Я чувствую себя… опустошенной.

В буквальном смысле опустошенной.

Вся моя любовь, все мои надежды… растаяли как дым, как будто их не было вообще.

Взяв меня за руки, он опускается на колени, притягивает меня к себе и обнимает.

– Говори, в чем дело.

– Я собиралась сказать тебе, – говорю я, чувствуя, как у меня сжимается горло.

– Сказать мне что? – спрашивает он, затем немного отстраняется, хотя и не выпускает из объятий, и буквально прожигает меня взглядом.

– О беременности. – Я не могу заставить себя произнести слово «ребенок». Не сейчас.

Он замолкает, и его рука, которая только что ласково поглаживала мою ладонь, замирает. Мгновение спустя он отстраняется и пристально смотрит мне в лицо.

– Ты была беременна? – спрашивает он. Его лицо бесстрастно.

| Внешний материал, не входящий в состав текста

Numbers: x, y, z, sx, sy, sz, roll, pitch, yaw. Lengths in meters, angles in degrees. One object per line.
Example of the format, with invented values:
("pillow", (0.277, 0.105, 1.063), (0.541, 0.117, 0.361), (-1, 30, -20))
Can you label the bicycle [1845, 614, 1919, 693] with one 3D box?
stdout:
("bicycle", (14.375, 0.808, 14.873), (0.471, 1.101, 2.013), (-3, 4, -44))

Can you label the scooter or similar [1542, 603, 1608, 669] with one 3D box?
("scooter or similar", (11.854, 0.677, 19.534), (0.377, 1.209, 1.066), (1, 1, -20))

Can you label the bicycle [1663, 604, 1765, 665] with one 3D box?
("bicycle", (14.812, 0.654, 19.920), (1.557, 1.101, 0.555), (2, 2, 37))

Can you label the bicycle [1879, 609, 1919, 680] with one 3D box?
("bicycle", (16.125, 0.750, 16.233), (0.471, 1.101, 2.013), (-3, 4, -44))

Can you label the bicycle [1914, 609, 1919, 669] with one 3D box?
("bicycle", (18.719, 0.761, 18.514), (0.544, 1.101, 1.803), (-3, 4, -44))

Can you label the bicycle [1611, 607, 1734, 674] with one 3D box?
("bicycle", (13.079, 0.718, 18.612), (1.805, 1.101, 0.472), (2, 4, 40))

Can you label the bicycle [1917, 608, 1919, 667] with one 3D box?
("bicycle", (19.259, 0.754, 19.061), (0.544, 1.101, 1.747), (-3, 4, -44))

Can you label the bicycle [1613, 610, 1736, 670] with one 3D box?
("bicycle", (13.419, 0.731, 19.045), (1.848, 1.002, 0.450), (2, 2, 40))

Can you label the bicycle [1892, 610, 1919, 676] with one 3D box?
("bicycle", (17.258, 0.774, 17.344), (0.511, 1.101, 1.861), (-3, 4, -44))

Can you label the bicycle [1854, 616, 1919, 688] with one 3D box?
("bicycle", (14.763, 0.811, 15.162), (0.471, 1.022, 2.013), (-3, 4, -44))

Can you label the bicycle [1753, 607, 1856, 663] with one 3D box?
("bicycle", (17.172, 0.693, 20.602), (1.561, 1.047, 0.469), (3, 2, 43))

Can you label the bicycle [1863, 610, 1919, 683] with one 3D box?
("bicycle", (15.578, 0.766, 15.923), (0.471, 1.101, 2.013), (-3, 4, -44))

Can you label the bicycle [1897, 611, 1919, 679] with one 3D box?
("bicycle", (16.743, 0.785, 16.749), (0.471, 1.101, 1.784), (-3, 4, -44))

Я так сильно прикусываю губу, что чувствую во рту вкус крови, и киваю.

– Да. Была.

Эндрю встает, потирает переносицу и вздыхает. Через несколько секунд он начинает расхаживать по пятачку обесцвеченного моющим средством пола.

– Эндрю… – Тыльной стороной ладони я вытираю глаза и заставляю себя встать. Это не совсем та реакция, которую я ожидала от него.

– Я думал, что ты принимаешь таблетки, разве не так? – Он проводит рукой по щеке и смотрит куда-то в сторону.

– Я… да… принимала, – говорю я. – Наверно, я пропустила одну таблетку в какой-то из дней. Я не помню. Я просто не знаю, как так случилось.

Эндрю застывает на месте и пристально смотрит на меня.

– Такое не должно повториться, Мередит.

У меня нет слов. Я утратила дар речи. Я гляжу на мужчину, за которого вышла замуж, мужчину, с которым собиралась провести остаток моих дней, представляя себе детскую коляску, штакетник, лужайку у дома и все такое прочее, – и не узнаю его.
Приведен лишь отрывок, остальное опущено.